Erica: I also wonder what kind of conditioner Jamie uses since his hair is still thick and fabulous even though he’s been in a cave for years. I must get me some!
Alicia: Can we talk Jenny for a moment? She was great at the end of this episode. All that anger and heartache on her face. I get it. Six years they have spent hiding him, going through searches and arrests and day to day fear, and for what? For him to just wind up in British hands anyway? And at his own request? I’d be downright pissed as hell too.
Erica: And, geez, not guilt for her at all. Sending her brother off to prison again. Nope. She won’t remember this at all. Frasier = stubborn as rocks.
Alicia: Also, Claire’s daydream – or nightdream since she’s in bed but awake – yowza! How on earth did Frank not hear all that panting? I get you Claire. I’d be having mini orgasms remembering that too.
—–BOOK READERS DISCUSSION – (Spoiler Alert!!)———————————
Erica: Jamie’s cave is quite the lair. I always pictured something more cramped. I also pictured the hat actually covering all of his hair. He’s still Red Jamie at a glance.
Alicia: Yeah, and for some reason I always pictured closer to the house, but this makes much more sense, lol. Again, we lose some of that Jamie wit and charm that’s in the books vs. the show, esp. the moments with the younger boys. I think I finally have to separate them fully: there’s book Jamie and show Jamie. Not in a bad way but book Jamie is a lot more witty and playful, show Jamie is a lot more serious and sensual.
Erica: Well some of that has to do with needing to be really efficient in TV. Again, Ron Moore originally wanted to spread Voyager over two seasons so we’ll get fewer scenes that show sides of his personality. Hopefully Sam can find ways to inject this, but these aren’t the episodes to do it.
Alicia: Also, interesting the way they are doing the storytelling. Instead of it all being Claire relating it to Roger and Bree, in flashbacks. Even some of Jamie’s story (though pretty close to the book) was told as it was related to Claire, Bree and Roger – like Fiona telling them the story of what happened to the Dunbonnet and him going to prison. I don’t dislike any of the changes, it’s kind of interesting to see it rather than just “hear” about it.

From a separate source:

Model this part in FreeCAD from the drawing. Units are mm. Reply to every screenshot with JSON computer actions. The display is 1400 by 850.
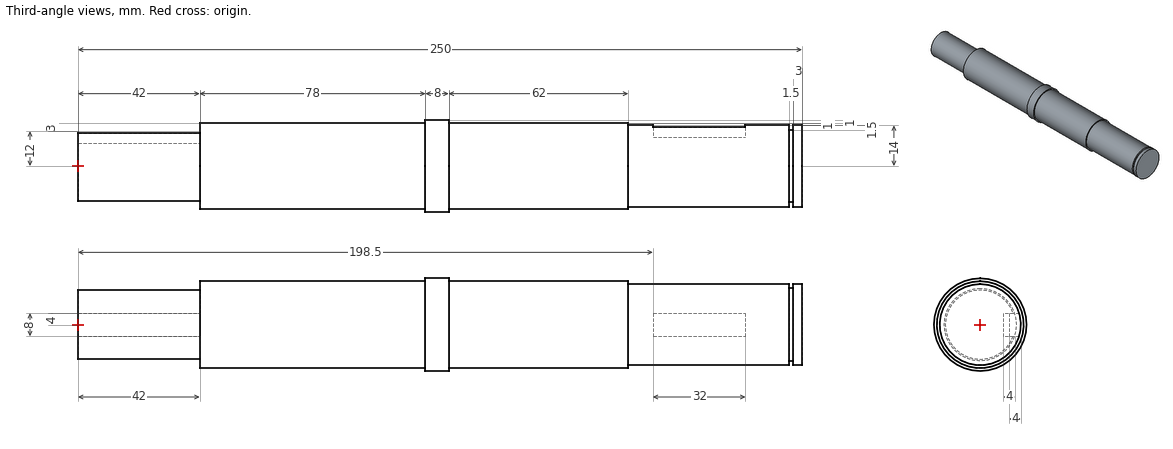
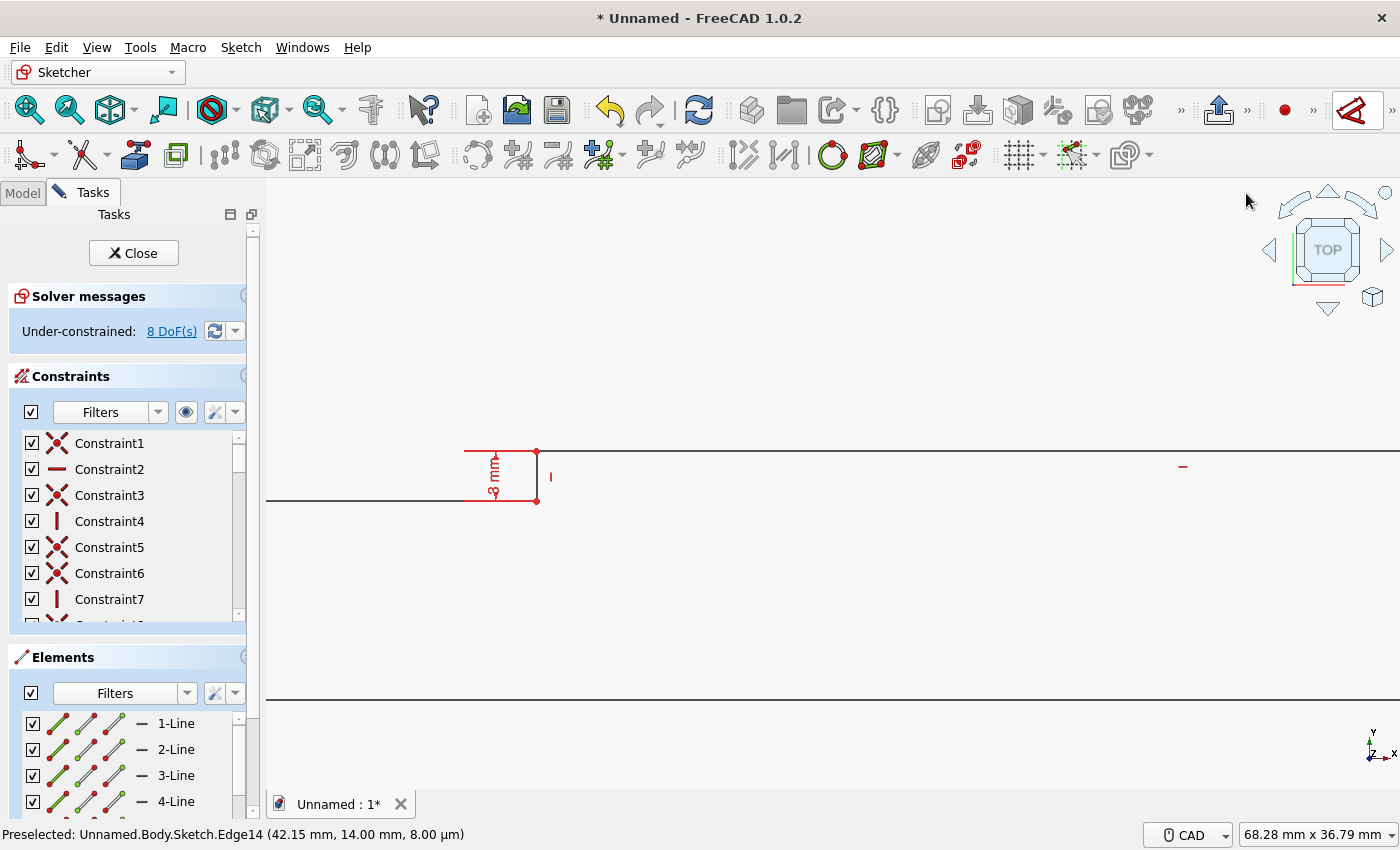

Erica: Yep. I think that goes back to being more economical on what they show. However, they also snuck in Jenny’s goal of match-making Jamie which means, (groan!) Laoghaire is on her way. I know they tried to give her a redemption arc last season so let’s see if they can pull this off. I think most will want to gouge her eyes out regardless…
Alicia: Blech Laoghaire. Blech, blech, blech. Not even that woman at the estate he winds up at makes me see red as much as Laoghaire. It’s his one unforgivable sin as far as I’m concerned. Seriously any argument I had with Jamie would end with “Well at least I didn’t sleep with Laoghaire!” Grrrrrr…

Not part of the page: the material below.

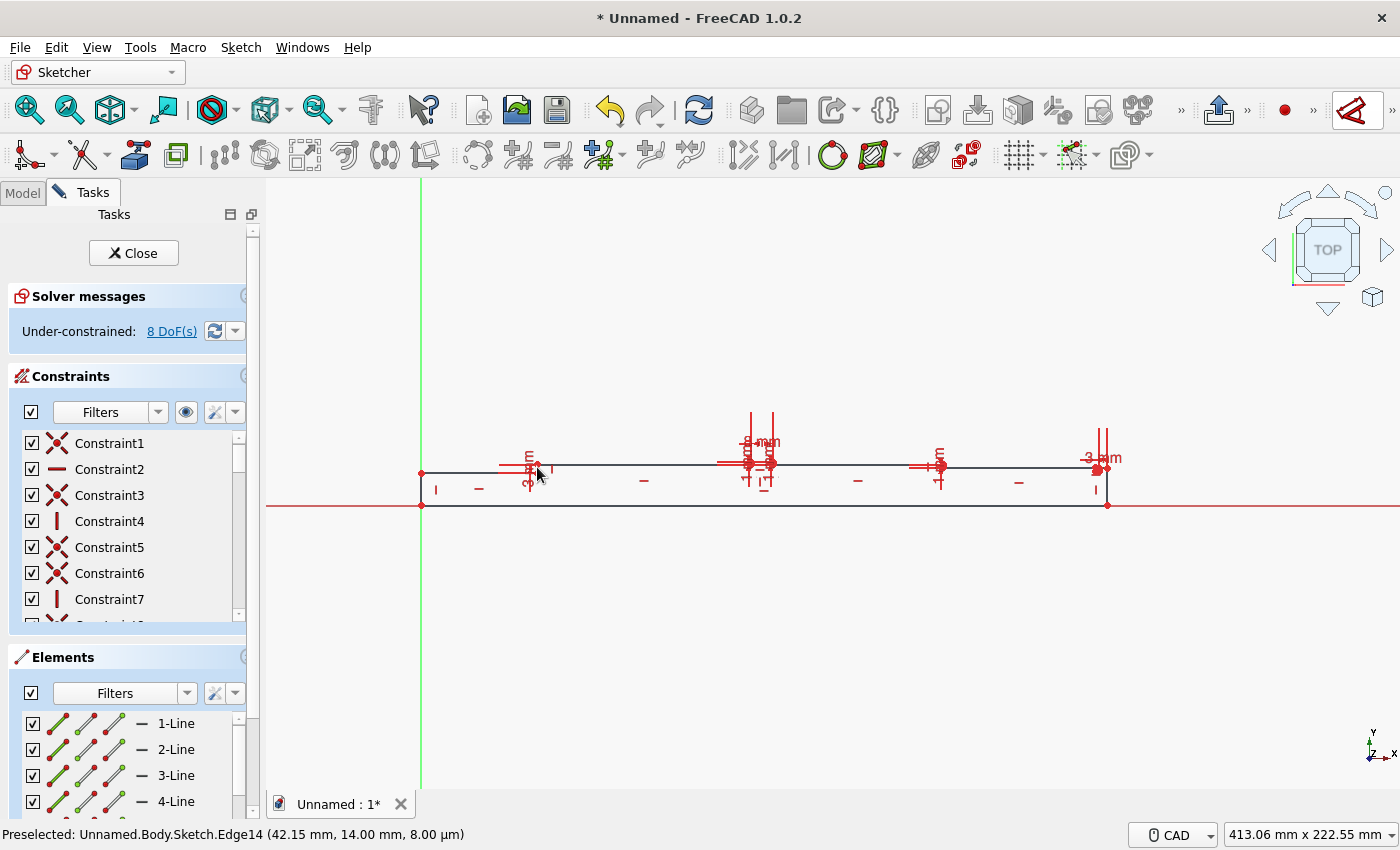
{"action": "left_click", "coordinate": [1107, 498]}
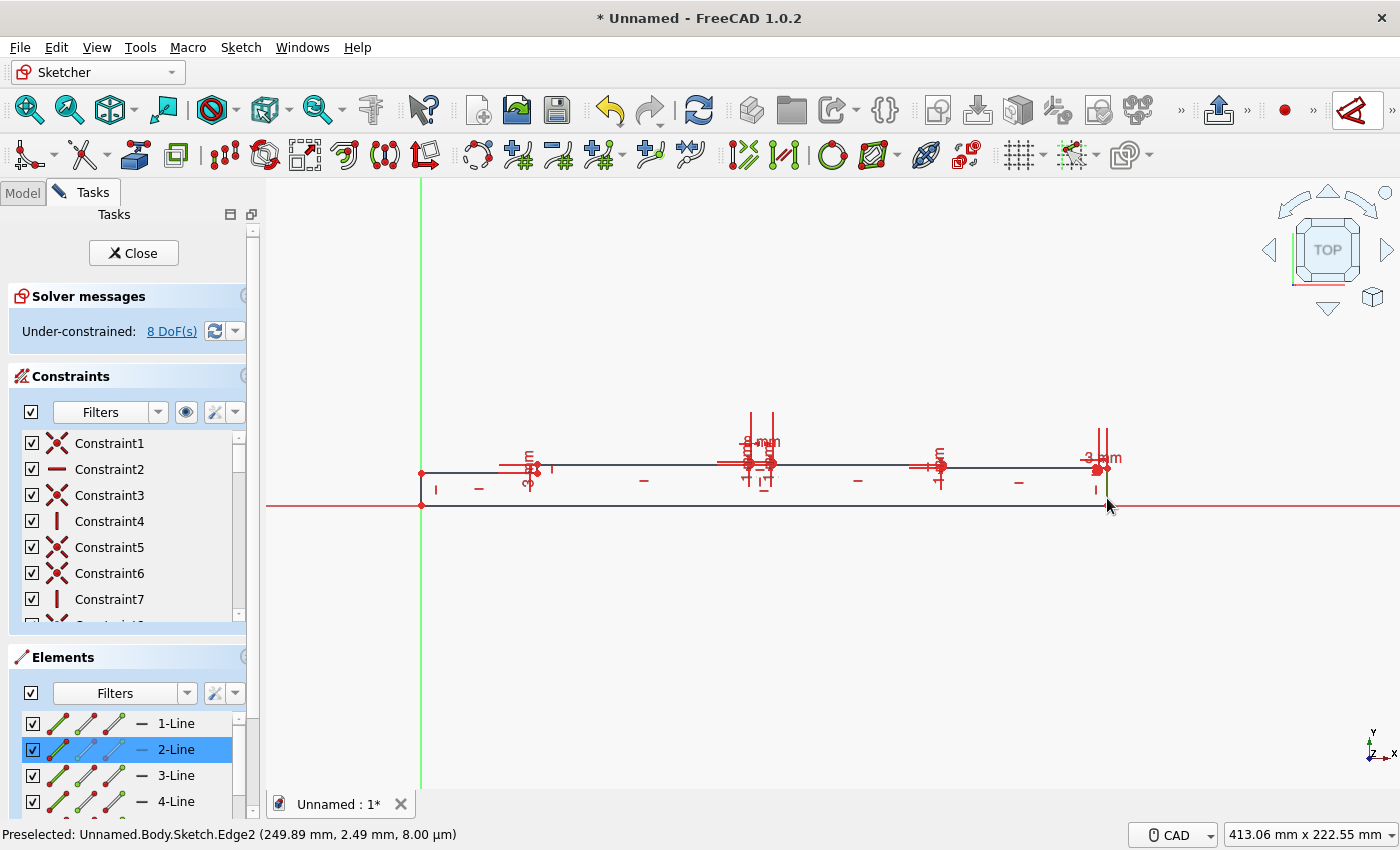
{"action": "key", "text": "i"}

Erica: And now we’ll finally get to meet John Grey!!!
Alicia: YAY! Seriously, he is my second fave in the books behind Jamie. I love John Grey. Love, love, love, love, love him. No pressure David Berry 😉
—–END OF BOOK READER DISCUSSION ——————————————————
Here’s what’s up for next week’s episode titled “All Debts Paid”:
In prison, Jamie discovers that an old foe has become the warden – and now has the power to make his life a living hell. Over the years, Claire and Frank both put their best foot forward to share a harmonious marriage, but an uninvited guest shatters this illusion, bringing their differences to light.